Entre ellas
La argentina Nathy Peluso desplegó su poderío en un Palau de la Música galvanizado por sus seguidoras
Fue impresionante. Antes de comenzar el concierto este viernes, un par de músicos salieron a escena para poner sus partituras en los facistoles, y solo aquello desató una ovación. Cuando poco después apareció ella en escena, todo poder, las butacas del Palau de la Música de Barcelona pasaron a ser trastos inútiles cuya función allí nadie entendía, objetos superfluos. El público se puso en pie y con ese griterío que conmueve al más distante de los mortales comenzó el concierto. Algarabía, locura, pasión, entrega, emoción, cuerpos en tensión, sonrisas en cascada, mar de fotos, brazos recogidos sobre el pecho en señal de acogimiento a quien ya comenzaba a moverse, ardorosa, en el escenario. Uñas largas como una pandemia, traslúcidas, esculpida su forma por los focos que las atravesaban desde detrás del escenario, en un contra que les confería vida propia, como cintas de algas rígidas unidas a los dedos; maquillaje de purpurina en las cuencas, pantalones ceñidos con más flecos que Chewaka. Y “celebré, y celebré y celebré´”, cantaba en su primera canción. Y con razón. El concierto de Nathy Peluso fue exactamente eso, una celebración, una celebración en clave de mujer.
Lo fue tanto que ni se escuchaba a la artista, solo el palpitar de la banda sonaba, tímido y confuso, bajo el manto de voces femeninas que con el estómago en la garganta no ya cantaban, deletreaban las canciones, celebrándolas como la propia existencia de esta nueva reina de eso que se llama música urbana para resumir esa macedonia de estilos que caracterizan su estilo. Una macedonia acorde con los aspectos y atuendos de las espectadoras, mayoritarias. Desde las que iban de noche, hay que imaginar la importancia para ellas del momento, vestir de noche con un toque de queda tras el concierto, hasta las que parecían haber aparcado la bici tras el reparto de pizzas a domicilio. Del perfume al sudor, de todo. Igual que la música de Nathy, en puridad una rapera, en realidad una cantante que adapta la métrica del hip-hop y la pasa por el rock, el rhythm and blues, el pop-rock latino y la salsa. Y el público, ellas en puridad, pasaban de recitar a bailar salsa sin solución de continuidad. El Palau vio sus pasillos trasmutados en pista de baile, y una pareja se ceñía por la cintura como si aquello fuese el Cheetah de Nueva York en los setenta. Y las butacas, salvo en las baladas, permanecían en el olvido.

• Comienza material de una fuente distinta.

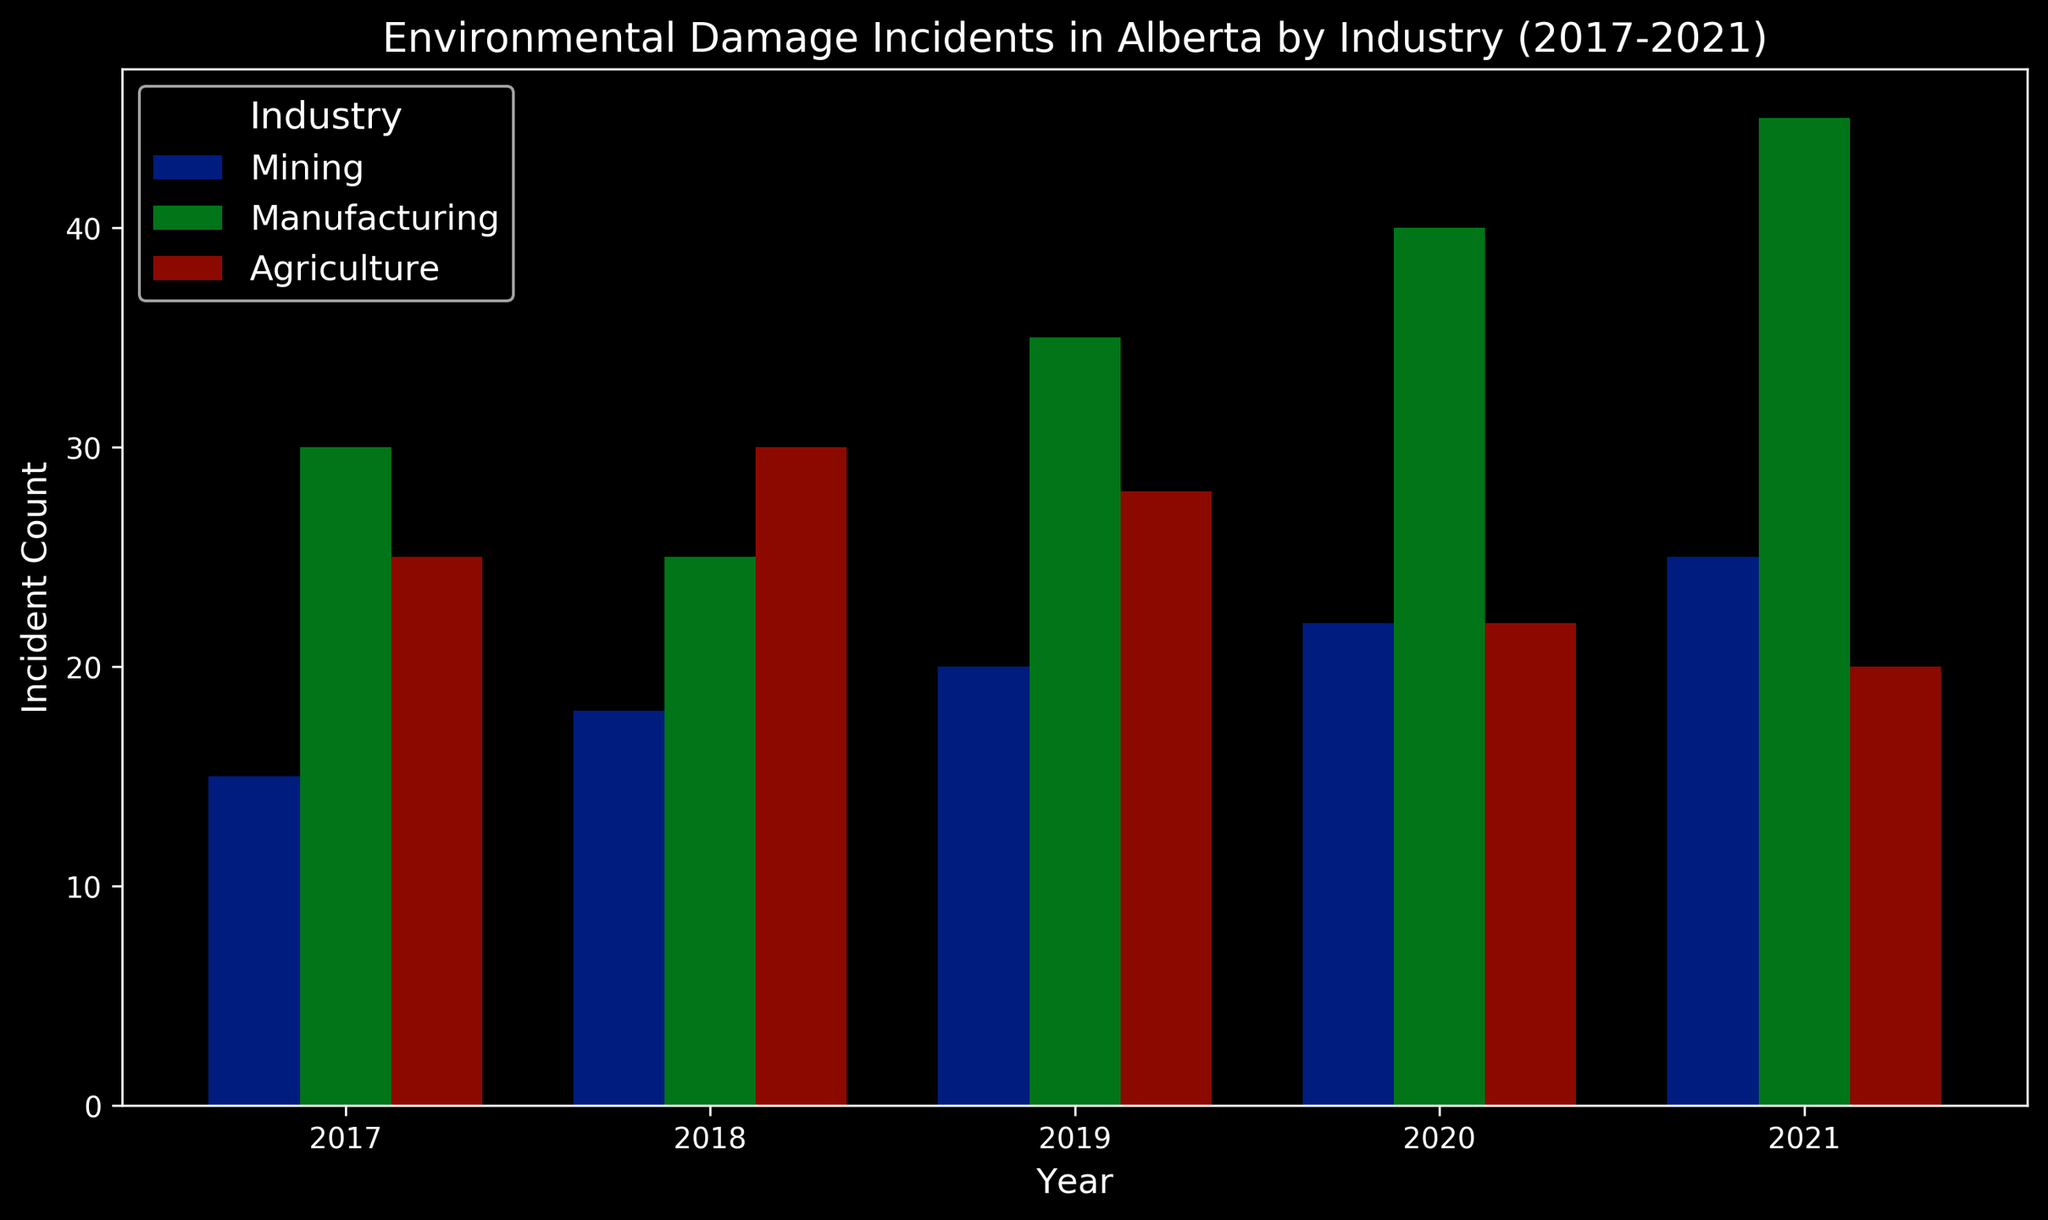What was the total number of environmental incidents in 2019? Sum up the incidents from mining, manufacturing, and agriculture in 2019: 20 (mining) + 35 (manufacturing) + 28 (agriculture) = 83
Answer: 83 Which industry had the highest number of incidents in 2020? Compare the incident counts for each industry in 2020: Mining (22), Manufacturing (40), and Agriculture (22). The highest is Manufacturing with 40 incidents
Answer: Manufacturing How did the number of incidents in agriculture change from 2017 to 2021? Compare the incidents in agriculture in 2017 (25) and 2021 (20): 25 - 20 = 5. The number decreased by 5
Answer: Decreased by 5 In which year did manufacturing incidents increase the most compared to the previous year? Calculate the increase in each year: 2018-2017 (25-30 = -5), 2019-2018 (35-25 = 10), 2020-2019 (40-35 = 5), 2021-2020 (45-40 = 5). The highest increase is from 2018 to 2019
Answer: 2019 What is the average number of incidents in the mining industry over these years? Sum the incidents in the mining industry from 2017 to 2021 and divide by 5: (15 + 18 + 20 + 22 + 25) / 5 = 20
Answer: 20 Which industry showed the most consistent trend in the number of incidents over the years? Evaluate trends across years for each industry. Manufacturing shows a consistent increase, while mining and agriculture have more fluctuations
Answer: Manufacturing Compare the number of incidents in agriculture in 2018 and 2020. Which year had fewer incidents? Incidents in agriculture: 2018 (30), 2020 (22). 2020 has fewer incidents
Answer: 2020 How many more incidents were there in manufacturing than in mining in 2021? Incidents in manufacturing (45) - incidents in mining (25) = 20
Answer: 20 Which year had the least total number of incidents across all industries? Sum incidents for each year: 2017 (70), 2018 (73), 2019 (83), 2020 (84), 2021 (90). The least number is 70 in 2017
Answer: 2017 
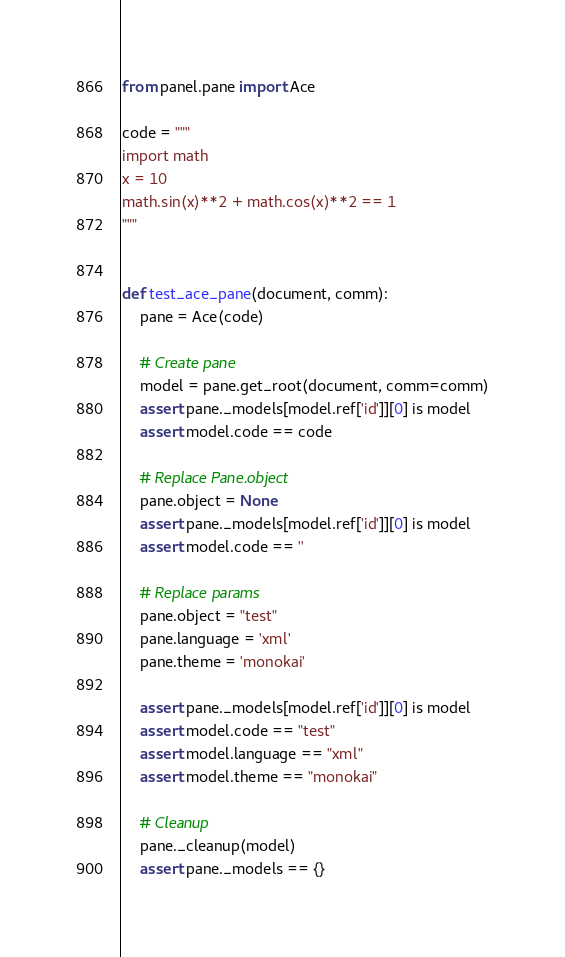Convert code to text. <code><loc_0><loc_0><loc_500><loc_500><_Python_>from panel.pane import Ace

code = """
import math
x = 10
math.sin(x)**2 + math.cos(x)**2 == 1
"""


def test_ace_pane(document, comm):
    pane = Ace(code)

    # Create pane
    model = pane.get_root(document, comm=comm)
    assert pane._models[model.ref['id']][0] is model
    assert model.code == code

    # Replace Pane.object
    pane.object = None
    assert pane._models[model.ref['id']][0] is model
    assert model.code == ''

    # Replace params
    pane.object = "test"
    pane.language = 'xml'
    pane.theme = 'monokai'

    assert pane._models[model.ref['id']][0] is model
    assert model.code == "test"
    assert model.language == "xml"
    assert model.theme == "monokai"

    # Cleanup
    pane._cleanup(model)
    assert pane._models == {}
</code> 
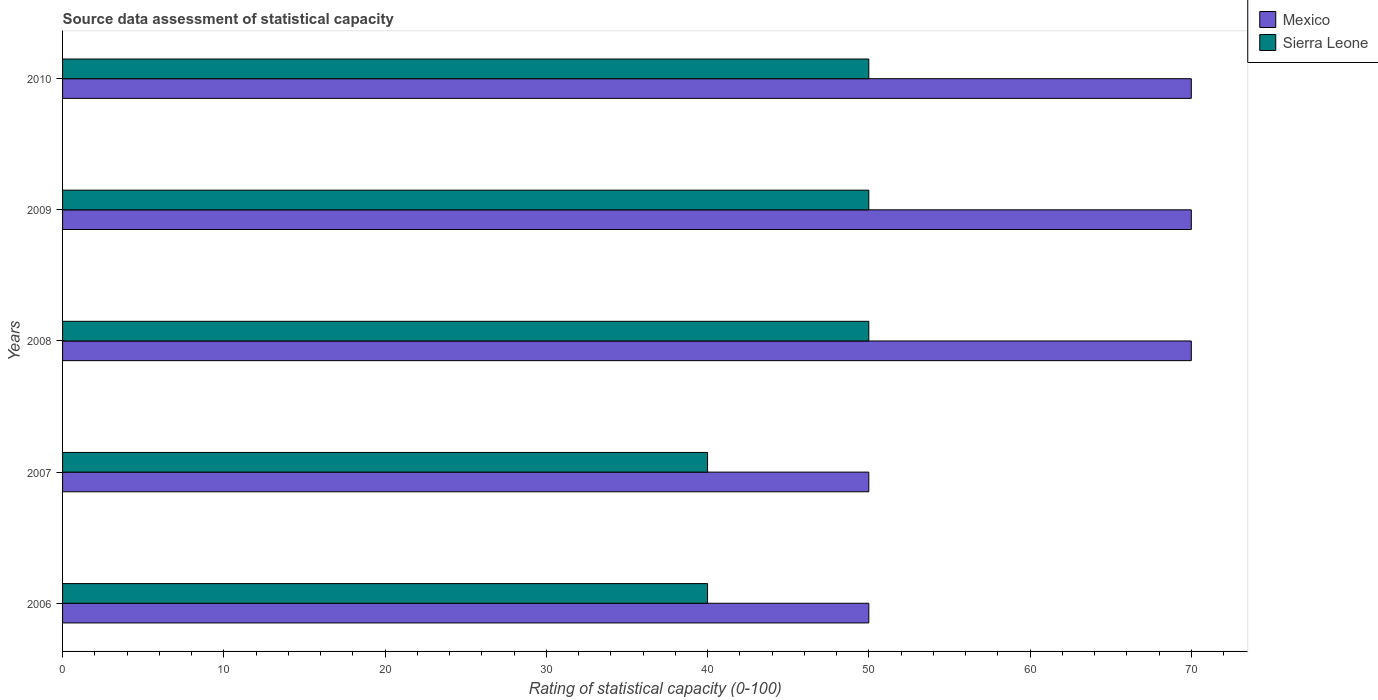How many groups of bars are there?
Keep it short and to the point. 5. Are the number of bars per tick equal to the number of legend labels?
Provide a succinct answer. Yes. How many bars are there on the 1st tick from the top?
Your response must be concise. 2. How many bars are there on the 5th tick from the bottom?
Your answer should be very brief. 2. What is the label of the 5th group of bars from the top?
Offer a terse response. 2006. What is the rating of statistical capacity in Mexico in 2007?
Offer a terse response. 50. Across all years, what is the maximum rating of statistical capacity in Sierra Leone?
Ensure brevity in your answer.  50. Across all years, what is the minimum rating of statistical capacity in Mexico?
Give a very brief answer. 50. In which year was the rating of statistical capacity in Mexico minimum?
Provide a succinct answer. 2006. What is the total rating of statistical capacity in Mexico in the graph?
Your answer should be compact. 310. What is the difference between the rating of statistical capacity in Sierra Leone in 2006 and the rating of statistical capacity in Mexico in 2007?
Your response must be concise. -10. In the year 2006, what is the difference between the rating of statistical capacity in Sierra Leone and rating of statistical capacity in Mexico?
Your answer should be compact. -10. In how many years, is the rating of statistical capacity in Sierra Leone greater than 8 ?
Your answer should be compact. 5. What is the ratio of the rating of statistical capacity in Mexico in 2007 to that in 2008?
Your response must be concise. 0.71. What is the difference between the highest and the second highest rating of statistical capacity in Mexico?
Offer a terse response. 0. What is the difference between the highest and the lowest rating of statistical capacity in Sierra Leone?
Ensure brevity in your answer.  10. What does the 2nd bar from the top in 2007 represents?
Your answer should be compact. Mexico. What does the 2nd bar from the bottom in 2006 represents?
Your response must be concise. Sierra Leone. Are all the bars in the graph horizontal?
Provide a succinct answer. Yes. Does the graph contain any zero values?
Ensure brevity in your answer.  No. Does the graph contain grids?
Give a very brief answer. No. Where does the legend appear in the graph?
Ensure brevity in your answer.  Top right. How many legend labels are there?
Keep it short and to the point. 2. What is the title of the graph?
Provide a succinct answer. Source data assessment of statistical capacity. Does "Senegal" appear as one of the legend labels in the graph?
Offer a terse response. No. What is the label or title of the X-axis?
Offer a terse response. Rating of statistical capacity (0-100). What is the label or title of the Y-axis?
Offer a very short reply. Years. What is the Rating of statistical capacity (0-100) in Mexico in 2007?
Your answer should be very brief. 50. What is the Rating of statistical capacity (0-100) of Sierra Leone in 2007?
Make the answer very short. 40. What is the Rating of statistical capacity (0-100) in Sierra Leone in 2008?
Offer a terse response. 50. What is the Rating of statistical capacity (0-100) in Sierra Leone in 2009?
Your response must be concise. 50. Across all years, what is the maximum Rating of statistical capacity (0-100) of Sierra Leone?
Your response must be concise. 50. Across all years, what is the minimum Rating of statistical capacity (0-100) of Mexico?
Your response must be concise. 50. What is the total Rating of statistical capacity (0-100) in Mexico in the graph?
Your answer should be compact. 310. What is the total Rating of statistical capacity (0-100) of Sierra Leone in the graph?
Keep it short and to the point. 230. What is the difference between the Rating of statistical capacity (0-100) of Mexico in 2006 and that in 2007?
Provide a succinct answer. 0. What is the difference between the Rating of statistical capacity (0-100) of Mexico in 2006 and that in 2008?
Make the answer very short. -20. What is the difference between the Rating of statistical capacity (0-100) of Sierra Leone in 2006 and that in 2009?
Give a very brief answer. -10. What is the difference between the Rating of statistical capacity (0-100) of Sierra Leone in 2006 and that in 2010?
Provide a short and direct response. -10. What is the difference between the Rating of statistical capacity (0-100) in Mexico in 2007 and that in 2008?
Your answer should be very brief. -20. What is the difference between the Rating of statistical capacity (0-100) of Sierra Leone in 2007 and that in 2008?
Give a very brief answer. -10. What is the difference between the Rating of statistical capacity (0-100) in Mexico in 2008 and that in 2009?
Offer a very short reply. 0. What is the difference between the Rating of statistical capacity (0-100) in Mexico in 2008 and that in 2010?
Offer a very short reply. 0. What is the difference between the Rating of statistical capacity (0-100) in Sierra Leone in 2009 and that in 2010?
Make the answer very short. 0. What is the difference between the Rating of statistical capacity (0-100) of Mexico in 2006 and the Rating of statistical capacity (0-100) of Sierra Leone in 2007?
Provide a short and direct response. 10. What is the difference between the Rating of statistical capacity (0-100) of Mexico in 2006 and the Rating of statistical capacity (0-100) of Sierra Leone in 2008?
Keep it short and to the point. 0. What is the difference between the Rating of statistical capacity (0-100) in Mexico in 2006 and the Rating of statistical capacity (0-100) in Sierra Leone in 2009?
Make the answer very short. 0. What is the difference between the Rating of statistical capacity (0-100) of Mexico in 2006 and the Rating of statistical capacity (0-100) of Sierra Leone in 2010?
Your response must be concise. 0. What is the difference between the Rating of statistical capacity (0-100) in Mexico in 2007 and the Rating of statistical capacity (0-100) in Sierra Leone in 2010?
Your response must be concise. 0. What is the difference between the Rating of statistical capacity (0-100) in Mexico in 2008 and the Rating of statistical capacity (0-100) in Sierra Leone in 2009?
Give a very brief answer. 20. What is the difference between the Rating of statistical capacity (0-100) of Mexico in 2009 and the Rating of statistical capacity (0-100) of Sierra Leone in 2010?
Your answer should be very brief. 20. What is the average Rating of statistical capacity (0-100) of Mexico per year?
Offer a very short reply. 62. In the year 2006, what is the difference between the Rating of statistical capacity (0-100) of Mexico and Rating of statistical capacity (0-100) of Sierra Leone?
Offer a very short reply. 10. In the year 2008, what is the difference between the Rating of statistical capacity (0-100) of Mexico and Rating of statistical capacity (0-100) of Sierra Leone?
Keep it short and to the point. 20. What is the ratio of the Rating of statistical capacity (0-100) of Mexico in 2006 to that in 2007?
Provide a short and direct response. 1. What is the ratio of the Rating of statistical capacity (0-100) in Mexico in 2006 to that in 2008?
Your answer should be compact. 0.71. What is the ratio of the Rating of statistical capacity (0-100) in Sierra Leone in 2006 to that in 2008?
Provide a succinct answer. 0.8. What is the ratio of the Rating of statistical capacity (0-100) in Mexico in 2007 to that in 2010?
Ensure brevity in your answer.  0.71. What is the ratio of the Rating of statistical capacity (0-100) in Sierra Leone in 2008 to that in 2009?
Provide a succinct answer. 1. What is the ratio of the Rating of statistical capacity (0-100) of Mexico in 2008 to that in 2010?
Provide a succinct answer. 1. What is the ratio of the Rating of statistical capacity (0-100) in Sierra Leone in 2009 to that in 2010?
Provide a short and direct response. 1. What is the difference between the highest and the second highest Rating of statistical capacity (0-100) of Mexico?
Your answer should be compact. 0. What is the difference between the highest and the lowest Rating of statistical capacity (0-100) of Mexico?
Keep it short and to the point. 20. What is the difference between the highest and the lowest Rating of statistical capacity (0-100) of Sierra Leone?
Keep it short and to the point. 10.

En un mundo de interconexión digital, la aldea se hace ágora global y lo latino se adueña del mundo. Nathy es una de esas artistas que están dando forma a una latinidad que entrevera con los patrones rítmicos urbanos negros, y lo hace con las armas de una mujer que rige su destino, cantando orgullosa en Nasty Girl “una perra sorprendente / curvilínea y elocuente / magníficamente colosal / extravagante y animal”, ante la que él, “qué buena vista tenés / cuando me ponés a cuatro patas”, se acaba desinflando “cuando me escribe suena valiente / pero de frente no dice ni mmmm…./….con dos caramelitos el nene se empacha”. Ella manda, ella se quiere, ella no quiere ser butaca abandonada que aguarda. Había más espectáculo en platea que en el escenario, y eso que Nathy se desmelenaba, agitaba su melena azabache como un guitarrista heavy, se pasaba la mano por el pubis o se cacheteaba la nalga como muestra natural de natural poder y cimbreaba sus caderas con la energía precisa para desplazar un yunque mientras miraba retadora a sus mujeres. Y ellas celebraban que les hablaban a ellas, que sabían de qué les hablaban y que hacía tiempo aguardaban que alguien les hablara así. Por eso apenas se escuchó el concierto, porque las seguidoras de Nathy Peluso lo hicieron tan suyo que lo cantaron más alto que ella. Hablaron entre ellas.